I would be living a lie (or maybe living in heaven) if I told you that pursuing this project has been 100% smooth sailing. So instead, let me list a few of the challenges, tips, and tricks I’ve learned from starting a grassroots organization:

  • Not everyone will like your idea, and you’re just going to have to live with it. People will criticize your program, pick out every flaw, chew up your thoughts, and spit them back out in your face. It sounds terrible, but it will help you develop your ideas and confidence in the long run.
  • Figure out your program logistics. Scheduling meetings through email is terribly inefficient. Do yourself a favour and get people to sign up for time slots using Google Calendars. Make sure you have Cloud storage for your team to access relevant documents. Everyone needs to be on the same page, all the time.
  • If you’re looking for volunteers, be picky. Find the people who want to be there, are driven to be part of the program, and are on top of things. You don’t want to get halfway through your program and realize that people don’t respond to any emails you send them. Even worse, you don’t want to end up firing someone from a volunteer job.
  • You should have some business cards on hand, even if you’re still a student. You should probably bring a few extra copies of your project proposal too. Walking into a room full of executives to pitch your project and being asked for a card is fine. If you have a card, and if you know how to pitch. Having to tell them you don’t have a card is a (tad bit) embarrassing. Running out of project proposals to hand out? You may want to excuse yourself from the meeting before you turn beet red.
  • Liability is huge. Always factor in anything that could legally go wrong, especially if your NGO partnership involves working with vulnerable people. Police checks are a good place to start.
  • You’ll have to talk to people, even when you don’t want to. When you finally find people willing to invest their time, effort, and funding into your project, don’t let them down. Make sure you communicate your progress regularly (even if that progress means you’re in a bar with a huge tab, wondering what you’re doing with your life).

Was It Worth It?

I must say that activism has sucked the life out of me. It’s hard work, it takes a lot of time to make lasting impact, and sometimes I just want to pull my hair out. Yet, at the same time, I have to say I couldn’t feel more fulfilled. Best of all, I’m happy to say that some of my team members feel the same way (well, at least judging from their quotes on the right).
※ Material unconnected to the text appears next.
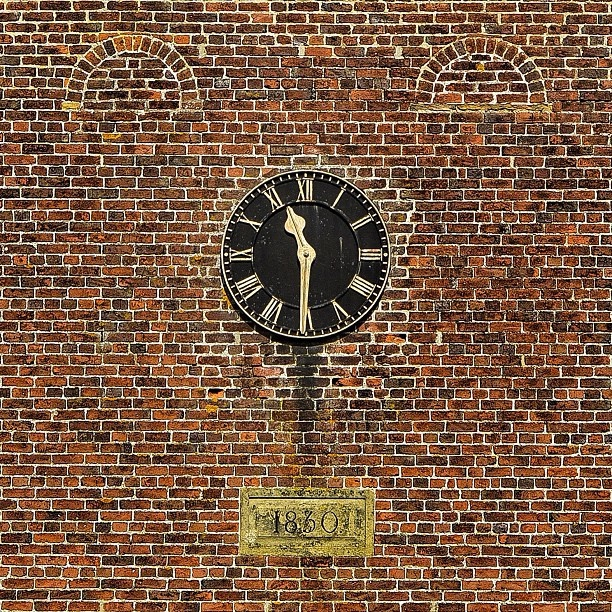Describe the objects in this image and their specific colors. I can see a clock in lightyellow, black, beige, and gray tones in this image.

And in case you’re wondering, Make Health Happen YEG is still a thing (I haven’t pulled out all of my hair yet). You can find out more here.

It was rewarding to be able to help connect a family to the services they need. Through this program I’ve learnt a lot about the health care system of Canada/Alberta.

Katie, Health Mentor Volunteer

I really enjoyed learning about the variety of different services offered to recent immigrants and refugees upon their arrival in Canada! I think this is a part of healthcare that is little known and more people should definitely be educated about it.